Sony sedang menghadapi situasi yang tidak nyaman di lini konsol andalannya. Di satu sisi, PlayStation 5 masih terus terjual dalam jumlah besar secara kumulatif, tetapi di sisi lain laju penjualannya melemah ketika harga justru bergerak naik.
Tekanan itu terlihat jelas pada laporan terbaru perusahaan. Dalam satu kuartal yang berakhir pada 31 Maret 2026, Sony hanya menjual 1,5 juta unit PS5, turun dari 2,8 juta unit pada periode yang sama tahun lalu.
Harga yang makin jauh dari titik awal
Masalah utama datang dari harga jual yang kini tidak lagi berada di level peluncuran. Saat pertama hadir, PS5 dibanderol sekitar USD 399 untuk edisi digital dan USD 499 untuk edisi disk.
Sekarang, harga itu sudah naik menjadi sekitar USD 599 untuk edisi digital dan USD 649 untuk edisi disk. Lonjakan terakhir terjadi pada Maret 2026, ketika harga naik hampir USD 100 dari harga rilis.
Sony menyebut kenaikan biaya produksi sebagai penyebab utama. Salah satu komponen yang paling menekan biaya adalah chip memori, sehingga struktur biaya perusahaan ikut terdorong naik.
Penjualan ikut merosot dalam setahun fiskal
Dampak kenaikan harga tidak berhenti di satu kuartal saja. Sepanjang tahun fiskal 2025, total penjualan PS5 turun dari 18 juta unit menjadi 16,5 juta unit.
Secara total, PS5 memang sudah mencapai 93,7 juta unit terjual sepanjang masa.
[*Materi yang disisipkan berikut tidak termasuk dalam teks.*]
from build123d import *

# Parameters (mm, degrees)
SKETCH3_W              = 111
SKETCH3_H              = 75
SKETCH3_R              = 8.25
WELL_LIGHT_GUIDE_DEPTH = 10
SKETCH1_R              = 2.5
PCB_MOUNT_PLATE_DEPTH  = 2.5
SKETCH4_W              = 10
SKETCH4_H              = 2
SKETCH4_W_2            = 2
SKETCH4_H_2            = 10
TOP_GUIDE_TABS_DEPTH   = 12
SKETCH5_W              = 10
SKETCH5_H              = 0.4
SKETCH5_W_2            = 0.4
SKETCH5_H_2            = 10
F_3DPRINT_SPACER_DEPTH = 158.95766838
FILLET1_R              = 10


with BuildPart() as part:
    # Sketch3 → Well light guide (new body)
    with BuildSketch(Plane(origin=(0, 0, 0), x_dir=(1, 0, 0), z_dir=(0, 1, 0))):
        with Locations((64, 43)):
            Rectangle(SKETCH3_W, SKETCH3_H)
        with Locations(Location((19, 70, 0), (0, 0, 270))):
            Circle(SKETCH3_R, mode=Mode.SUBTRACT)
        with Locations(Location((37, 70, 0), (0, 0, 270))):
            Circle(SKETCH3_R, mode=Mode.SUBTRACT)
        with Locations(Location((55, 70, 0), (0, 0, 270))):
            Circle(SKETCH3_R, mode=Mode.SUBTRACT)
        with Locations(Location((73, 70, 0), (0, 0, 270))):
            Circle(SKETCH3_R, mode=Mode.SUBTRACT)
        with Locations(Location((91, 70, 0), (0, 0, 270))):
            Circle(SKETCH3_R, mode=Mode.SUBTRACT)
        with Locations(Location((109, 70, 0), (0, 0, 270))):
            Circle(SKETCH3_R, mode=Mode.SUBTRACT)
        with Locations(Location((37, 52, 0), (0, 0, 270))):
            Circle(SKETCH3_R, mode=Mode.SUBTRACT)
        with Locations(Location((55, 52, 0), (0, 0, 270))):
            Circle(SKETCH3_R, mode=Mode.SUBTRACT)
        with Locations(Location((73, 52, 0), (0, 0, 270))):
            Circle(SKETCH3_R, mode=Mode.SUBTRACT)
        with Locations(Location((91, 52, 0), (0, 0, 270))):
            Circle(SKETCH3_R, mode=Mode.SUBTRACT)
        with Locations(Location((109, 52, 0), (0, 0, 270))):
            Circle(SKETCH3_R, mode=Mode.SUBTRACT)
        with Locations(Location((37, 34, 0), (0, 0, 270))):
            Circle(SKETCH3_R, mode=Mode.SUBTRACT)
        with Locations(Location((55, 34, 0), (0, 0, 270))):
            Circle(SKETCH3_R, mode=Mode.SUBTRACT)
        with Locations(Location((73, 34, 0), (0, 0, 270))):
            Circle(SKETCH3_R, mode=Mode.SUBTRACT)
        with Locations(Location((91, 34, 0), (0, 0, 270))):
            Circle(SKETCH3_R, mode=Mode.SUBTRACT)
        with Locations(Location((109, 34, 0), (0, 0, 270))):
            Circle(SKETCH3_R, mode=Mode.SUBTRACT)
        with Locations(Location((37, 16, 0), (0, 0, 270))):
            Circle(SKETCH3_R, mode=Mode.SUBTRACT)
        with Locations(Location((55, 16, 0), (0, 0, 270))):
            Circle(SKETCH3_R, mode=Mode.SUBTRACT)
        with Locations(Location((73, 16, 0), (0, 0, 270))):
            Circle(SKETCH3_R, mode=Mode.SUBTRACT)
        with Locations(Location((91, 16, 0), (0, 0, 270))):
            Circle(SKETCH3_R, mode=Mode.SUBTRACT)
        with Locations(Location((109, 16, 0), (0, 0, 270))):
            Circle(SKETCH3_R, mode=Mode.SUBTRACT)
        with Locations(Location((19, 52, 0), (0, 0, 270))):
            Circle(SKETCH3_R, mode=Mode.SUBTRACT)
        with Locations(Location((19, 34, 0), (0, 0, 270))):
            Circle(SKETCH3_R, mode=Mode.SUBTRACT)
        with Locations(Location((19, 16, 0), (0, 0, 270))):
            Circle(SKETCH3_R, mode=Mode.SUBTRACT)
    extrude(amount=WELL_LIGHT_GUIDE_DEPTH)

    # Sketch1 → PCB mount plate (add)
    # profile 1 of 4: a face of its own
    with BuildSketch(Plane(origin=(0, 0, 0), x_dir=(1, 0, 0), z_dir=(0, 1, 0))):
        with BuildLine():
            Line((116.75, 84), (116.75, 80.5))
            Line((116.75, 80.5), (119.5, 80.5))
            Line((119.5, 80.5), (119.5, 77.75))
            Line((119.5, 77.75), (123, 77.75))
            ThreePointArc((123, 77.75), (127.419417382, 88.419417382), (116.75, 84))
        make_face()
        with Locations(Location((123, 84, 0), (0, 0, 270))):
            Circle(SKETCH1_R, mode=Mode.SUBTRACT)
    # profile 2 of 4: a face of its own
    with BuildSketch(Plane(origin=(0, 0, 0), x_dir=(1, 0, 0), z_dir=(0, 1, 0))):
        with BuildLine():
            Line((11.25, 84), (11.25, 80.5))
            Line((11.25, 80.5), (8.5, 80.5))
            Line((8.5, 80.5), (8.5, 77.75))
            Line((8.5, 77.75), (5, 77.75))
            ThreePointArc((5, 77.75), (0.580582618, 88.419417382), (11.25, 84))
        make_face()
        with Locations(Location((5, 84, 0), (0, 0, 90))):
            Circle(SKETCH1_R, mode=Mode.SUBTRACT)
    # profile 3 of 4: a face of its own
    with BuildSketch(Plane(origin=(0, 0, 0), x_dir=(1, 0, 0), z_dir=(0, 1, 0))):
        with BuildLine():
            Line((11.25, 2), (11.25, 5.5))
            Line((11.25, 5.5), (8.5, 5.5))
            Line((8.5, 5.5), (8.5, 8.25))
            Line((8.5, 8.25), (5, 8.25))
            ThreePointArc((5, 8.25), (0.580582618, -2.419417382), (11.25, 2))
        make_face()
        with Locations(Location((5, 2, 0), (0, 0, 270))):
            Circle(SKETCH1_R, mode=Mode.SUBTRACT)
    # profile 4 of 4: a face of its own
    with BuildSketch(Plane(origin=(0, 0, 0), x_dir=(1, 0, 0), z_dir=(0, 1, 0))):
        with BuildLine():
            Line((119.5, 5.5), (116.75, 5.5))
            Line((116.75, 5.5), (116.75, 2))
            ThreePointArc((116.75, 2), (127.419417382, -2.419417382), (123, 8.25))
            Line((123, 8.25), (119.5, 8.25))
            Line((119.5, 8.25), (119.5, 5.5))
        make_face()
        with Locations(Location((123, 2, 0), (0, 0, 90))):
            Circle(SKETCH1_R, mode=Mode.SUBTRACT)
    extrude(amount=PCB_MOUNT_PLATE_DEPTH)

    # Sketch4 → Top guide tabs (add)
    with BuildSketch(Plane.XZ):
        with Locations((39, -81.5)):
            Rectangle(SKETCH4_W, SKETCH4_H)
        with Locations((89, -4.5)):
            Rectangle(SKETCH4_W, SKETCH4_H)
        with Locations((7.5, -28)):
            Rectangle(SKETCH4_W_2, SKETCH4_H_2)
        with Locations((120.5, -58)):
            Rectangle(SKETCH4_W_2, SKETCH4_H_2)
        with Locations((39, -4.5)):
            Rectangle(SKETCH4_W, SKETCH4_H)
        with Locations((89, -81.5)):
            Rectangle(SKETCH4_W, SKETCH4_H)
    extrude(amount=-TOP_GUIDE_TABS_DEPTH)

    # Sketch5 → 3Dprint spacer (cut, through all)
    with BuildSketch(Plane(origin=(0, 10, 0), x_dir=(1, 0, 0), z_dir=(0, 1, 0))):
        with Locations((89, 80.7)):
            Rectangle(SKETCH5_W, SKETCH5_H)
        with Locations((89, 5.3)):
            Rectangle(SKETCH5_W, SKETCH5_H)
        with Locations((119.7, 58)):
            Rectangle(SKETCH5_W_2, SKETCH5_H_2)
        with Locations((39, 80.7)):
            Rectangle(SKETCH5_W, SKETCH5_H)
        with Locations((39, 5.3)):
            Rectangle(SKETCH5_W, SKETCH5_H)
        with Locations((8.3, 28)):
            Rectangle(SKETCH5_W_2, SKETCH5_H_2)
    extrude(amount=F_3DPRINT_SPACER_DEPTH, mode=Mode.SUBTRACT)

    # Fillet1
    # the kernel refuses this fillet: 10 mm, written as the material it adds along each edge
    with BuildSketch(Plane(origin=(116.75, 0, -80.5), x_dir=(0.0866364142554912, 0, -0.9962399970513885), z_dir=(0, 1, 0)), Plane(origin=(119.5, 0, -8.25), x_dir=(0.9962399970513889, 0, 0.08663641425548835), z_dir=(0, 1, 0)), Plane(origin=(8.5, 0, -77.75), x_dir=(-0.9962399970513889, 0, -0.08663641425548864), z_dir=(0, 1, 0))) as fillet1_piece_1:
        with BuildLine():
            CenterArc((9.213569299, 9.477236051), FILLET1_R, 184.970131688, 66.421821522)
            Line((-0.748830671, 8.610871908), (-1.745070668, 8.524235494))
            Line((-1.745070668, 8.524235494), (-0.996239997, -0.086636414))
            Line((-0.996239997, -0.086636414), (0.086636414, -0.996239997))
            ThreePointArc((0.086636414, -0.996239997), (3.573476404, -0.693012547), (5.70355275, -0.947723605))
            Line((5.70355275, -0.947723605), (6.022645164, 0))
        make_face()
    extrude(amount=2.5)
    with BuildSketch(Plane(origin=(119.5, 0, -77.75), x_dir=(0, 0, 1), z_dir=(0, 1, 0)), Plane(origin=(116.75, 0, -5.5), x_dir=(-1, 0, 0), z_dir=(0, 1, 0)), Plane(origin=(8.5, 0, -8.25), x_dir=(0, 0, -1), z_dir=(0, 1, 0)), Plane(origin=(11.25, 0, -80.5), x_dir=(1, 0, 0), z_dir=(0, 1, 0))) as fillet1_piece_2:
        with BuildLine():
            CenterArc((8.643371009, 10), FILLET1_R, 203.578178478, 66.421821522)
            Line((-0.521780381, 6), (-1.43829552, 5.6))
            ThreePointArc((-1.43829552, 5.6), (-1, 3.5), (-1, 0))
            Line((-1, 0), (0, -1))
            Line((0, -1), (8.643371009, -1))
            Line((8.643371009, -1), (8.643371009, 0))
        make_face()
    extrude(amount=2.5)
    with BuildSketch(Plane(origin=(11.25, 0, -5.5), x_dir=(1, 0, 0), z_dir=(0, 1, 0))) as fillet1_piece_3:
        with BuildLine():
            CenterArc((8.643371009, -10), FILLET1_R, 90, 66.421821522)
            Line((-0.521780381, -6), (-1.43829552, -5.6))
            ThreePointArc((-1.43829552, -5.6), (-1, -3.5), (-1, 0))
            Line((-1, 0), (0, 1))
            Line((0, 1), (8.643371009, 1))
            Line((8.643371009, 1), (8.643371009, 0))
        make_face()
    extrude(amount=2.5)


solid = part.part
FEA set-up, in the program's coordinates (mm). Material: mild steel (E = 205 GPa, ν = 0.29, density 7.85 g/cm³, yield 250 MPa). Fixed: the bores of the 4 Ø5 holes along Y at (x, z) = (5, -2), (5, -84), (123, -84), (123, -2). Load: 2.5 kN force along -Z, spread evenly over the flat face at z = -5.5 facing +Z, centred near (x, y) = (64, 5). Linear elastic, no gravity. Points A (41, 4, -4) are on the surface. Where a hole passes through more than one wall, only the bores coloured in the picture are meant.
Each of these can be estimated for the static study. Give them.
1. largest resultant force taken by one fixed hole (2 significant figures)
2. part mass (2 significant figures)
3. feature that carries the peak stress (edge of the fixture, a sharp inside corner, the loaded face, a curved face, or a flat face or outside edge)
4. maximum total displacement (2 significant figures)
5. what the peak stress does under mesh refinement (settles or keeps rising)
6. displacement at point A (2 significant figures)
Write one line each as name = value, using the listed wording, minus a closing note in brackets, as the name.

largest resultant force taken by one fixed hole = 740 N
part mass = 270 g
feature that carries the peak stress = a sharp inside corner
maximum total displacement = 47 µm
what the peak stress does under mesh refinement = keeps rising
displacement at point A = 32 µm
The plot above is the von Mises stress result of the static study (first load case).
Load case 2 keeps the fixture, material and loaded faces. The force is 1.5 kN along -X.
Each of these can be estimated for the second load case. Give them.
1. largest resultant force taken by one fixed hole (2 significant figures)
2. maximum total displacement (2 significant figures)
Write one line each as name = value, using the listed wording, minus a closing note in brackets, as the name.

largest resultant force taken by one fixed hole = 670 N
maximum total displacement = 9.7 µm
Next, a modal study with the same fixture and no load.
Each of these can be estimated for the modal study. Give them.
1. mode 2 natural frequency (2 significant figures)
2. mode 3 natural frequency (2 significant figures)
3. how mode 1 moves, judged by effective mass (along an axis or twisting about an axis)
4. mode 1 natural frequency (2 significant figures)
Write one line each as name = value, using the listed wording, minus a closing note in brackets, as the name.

Namun jika dibandingkan dengan PS4 pada fase siklus hidup yang sama, laju PS5 dinilai belum sekuat pendahulunya.
Kondisi itu membuat momentum penjualan PS5 terlihat mulai kehilangan tenaga. Pasar juga memberi sinyal bahwa konsumen tidak lagi menerima kenaikan harga sefleksibel sebelumnya.
Efeknya meluas ke ekosistem PlayStation
Presiden dan CEO Sony, Hiroki Totoki, menjelaskan bahwa kenaikan biaya komponen tidak hanya memengaruhi konsol. Pendapatan dari perangkat lunak game, PlayStation Plus, dan aksesori juga ikut terdampak.
Menurut Totoki, konsumen semakin enggan membeli perangkat keras lama ketika harganya justru lebih tinggi. Situasi ini berlawanan dengan pola umum yang biasanya diharapkan terjadi pada sebuah konsol setelah beberapa tahun beredar di pasar.
Sony sendiri menyatakan tidak punya rencana menaikkan harga PS5 lagi dalam waktu dekat. Perusahaan ingin mempertahankan struktur harga yang ada setelah beberapa kali penyesuaian dalam setahun terakhir.
Harapan pada game besar dan PS6
Di tengah tekanan itu, Sony masih bertumpu pada Grand Theft Auto VI yang dijadwalkan rilis pada November. Perusahaan melihat game besar tersebut sebagai katalis yang dapat mendorong minat membeli PS5.
Di saat yang sama, pengembangan PS6 juga terus berjalan. Namun, investasi besar untuk riset, chip, dan hardware generasi berikutnya diperkirakan tetap memberi tekanan pada laba perusahaan dalam waktu dekat.
Dengan kondisi seperti ini, Sony harus menjaga harga PS5 agar tidak semakin menjauh dari konsumen. Pada saat yang sama, perusahaan tetap perlu membiayai pengembangan generasi berikutnya di tengah pasar yang makin sensitif terhadap harga.